Exactly as written, please set down all of the entries again, with no pictures.

══════

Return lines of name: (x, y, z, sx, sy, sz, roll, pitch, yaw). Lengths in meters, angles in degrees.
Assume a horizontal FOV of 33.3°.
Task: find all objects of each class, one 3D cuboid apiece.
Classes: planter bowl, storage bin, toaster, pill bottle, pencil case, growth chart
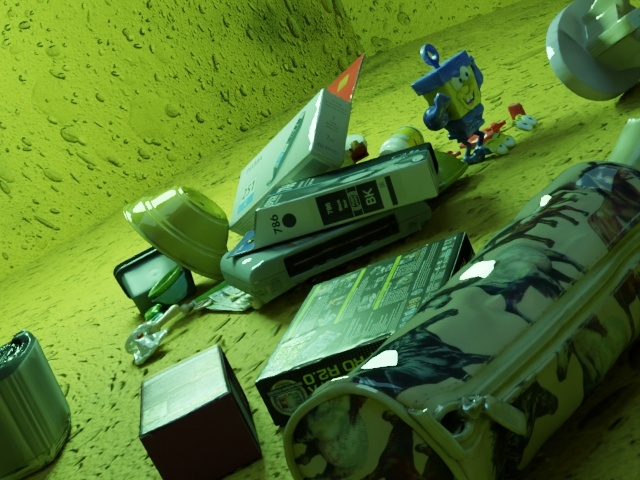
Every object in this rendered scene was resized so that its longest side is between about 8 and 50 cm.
planter bowl: (-0.226, -0.032, 1.854, 0.090, 0.217, 0.217, -55, 9, 11)
storage bin: (-0.282, 0.076, 1.885, 0.135, 0.098, 0.091, -27, 41, -5)
toaster: (-0.414, 0.224, 1.415, 0.129, 0.147, 0.227, -27, 13, 0)
pill bottle: (0.152, -0.172, 2.052, 0.065, 0.065, 0.116, -17, 16, 32)
pencil case: (0.162, 0.079, 0.865, 0.410, 0.160, 0.183, -37, 8, -38)
growth chart: (-0.099, 0.070, 1.696, 0.172, 0.021, 0.237, -34, 16, -34)

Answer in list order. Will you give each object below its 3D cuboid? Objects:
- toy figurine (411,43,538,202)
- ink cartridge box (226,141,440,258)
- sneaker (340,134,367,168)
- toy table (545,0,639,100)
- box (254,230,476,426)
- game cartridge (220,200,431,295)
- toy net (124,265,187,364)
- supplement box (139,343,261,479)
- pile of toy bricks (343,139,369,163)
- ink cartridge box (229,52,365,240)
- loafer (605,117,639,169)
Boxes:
toy figurine: (0.193, -0.219, 1.827, 0.191, 0.217, 0.362, -13, 18, 45)
ink cartridge box: (0.015, -0.064, 1.625, 0.332, 0.065, 0.165, -17, 12, 11)
sneaker: (0.028, -0.129, 2.046, 0.212, 0.094, 0.080, -25, 16, 45)
toy table: (0.502, -0.351, 1.757, 0.161, 0.252, 0.274, -35, 11, 46)
box: (0.064, 0.093, 1.218, 0.216, 0.060, 0.270, -22, 13, 20)
game cartridge: (0.000, 0.000, 1.635, 0.297, 0.062, 0.198, -23, 16, -17)
toy net: (-0.275, 0.129, 1.700, 0.122, 0.045, 0.232, -36, 15, 21)
supplement box: (-0.133, 0.191, 1.163, 0.104, 0.081, 0.188, -26, 13, -3)
pile of toy bricks: (0.012, -0.108, 1.886, 0.212, 0.118, 0.105, -29, -26, 0)
ink cartridge box: (-0.044, -0.171, 1.863, 0.296, 0.066, 0.261, -39, 32, 48)
loafer: (0.387, -0.100, 1.281, 0.268, 0.092, 0.102, -31, 14, -23)
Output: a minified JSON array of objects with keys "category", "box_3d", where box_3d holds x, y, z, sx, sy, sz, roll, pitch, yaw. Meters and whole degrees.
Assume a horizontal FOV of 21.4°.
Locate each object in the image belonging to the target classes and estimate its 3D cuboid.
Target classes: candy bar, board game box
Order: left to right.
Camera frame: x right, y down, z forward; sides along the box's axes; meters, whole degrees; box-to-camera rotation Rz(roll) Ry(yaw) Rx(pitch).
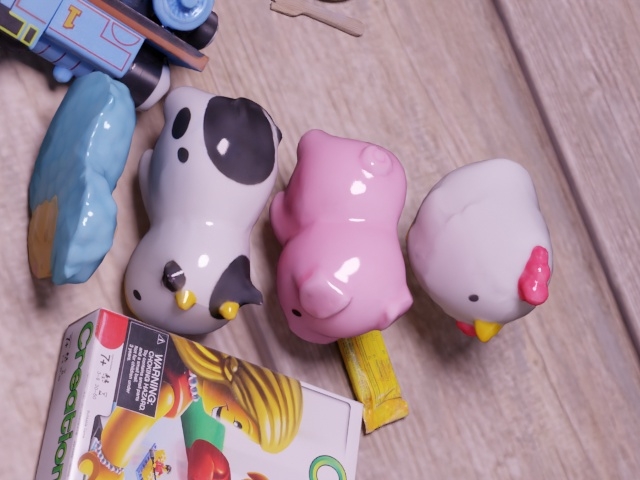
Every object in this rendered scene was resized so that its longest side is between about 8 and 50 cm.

══════

**Reply to the exercise**
Return lines of name: (x, y, z, sx, sy, sz, roll, pitch, yaw). Lengths in meters, angles in degrees.
Assume a horizontal FOV of 33.3°.
Task: find all objects of each class, one 3D cuboid apiece.
Classes: planter bowl, storage bin, toaster, pill bottle, pencil case, growth chart
Every object in this rendered scene was resized so that its longest side is between about 8 and 50 cm.
planter bowl: (-0.226, -0.032, 1.854, 0.090, 0.217, 0.217, -55, 9, 11)
storage bin: (-0.282, 0.076, 1.885, 0.135, 0.098, 0.091, -27, 41, -5)
toaster: (-0.414, 0.224, 1.415, 0.129, 0.147, 0.227, -27, 13, 0)
pill bottle: (0.152, -0.172, 2.052, 0.065, 0.065, 0.116, -17, 16, 32)
pencil case: (0.162, 0.079, 0.865, 0.410, 0.160, 0.183, -37, 8, -38)
growth chart: (-0.099, 0.070, 1.696, 0.172, 0.021, 0.237, -34, 16, -34)

Answer in list order. Will you give each object below its 3D cuboid? Objects:
- toy figurine (411,43,538,202)
- ink cartridge box (226,141,440,258)
- sneaker (340,134,367,168)
- toy table (545,0,639,100)
- box (254,230,476,426)
- game cartridge (220,200,431,295)
- toy net (124,265,187,364)
- supplement box (139,343,261,479)
- pile of toy bricks (343,139,369,163)
- ink cartridge box (229,52,365,240)
- loafer (605,117,639,169)
Boxes:
toy figurine: (0.193, -0.219, 1.827, 0.191, 0.217, 0.362, -13, 18, 45)
ink cartridge box: (0.015, -0.064, 1.625, 0.332, 0.065, 0.165, -17, 12, 11)
sneaker: (0.028, -0.129, 2.046, 0.212, 0.094, 0.080, -25, 16, 45)
toy table: (0.502, -0.351, 1.757, 0.161, 0.252, 0.274, -35, 11, 46)
box: (0.064, 0.093, 1.218, 0.216, 0.060, 0.270, -22, 13, 20)
game cartridge: (0.000, 0.000, 1.635, 0.297, 0.062, 0.198, -23, 16, -17)
toy net: (-0.275, 0.129, 1.700, 0.122, 0.045, 0.232, -36, 15, 21)
supplement box: (-0.133, 0.191, 1.163, 0.104, 0.081, 0.188, -26, 13, -3)
pile of toy bricks: (0.012, -0.108, 1.886, 0.212, 0.118, 0.105, -29, -26, 0)
ink cartridge box: (-0.044, -0.171, 1.863, 0.296, 0.066, 0.261, -39, 32, 48)
loafer: (0.387, -0.100, 1.281, 0.268, 0.092, 0.102, -31, 14, -23)
Output: a minified JSON array of objects with keys "category", "box_3d", where box_3d holds x, y, z, sx, sy, sz, roll, pitch, yaw. Meters and whole degrees.
Assume a horizontal FOV of 21.4°.
Locate each object in the image belonging to the target classes and estimate its 3D cuboid.
Target classes: candy bar, board game box
Order: left to right.
Camera frame: x right, y down, z forward; sides along the box's axes; meters, whole degrees; box-to-camera rotation Rz(roll) Ry(yaw) Rx(pitch).
Every object in this rendered scene was resized so that its longest side is between about 8 and 50 cm.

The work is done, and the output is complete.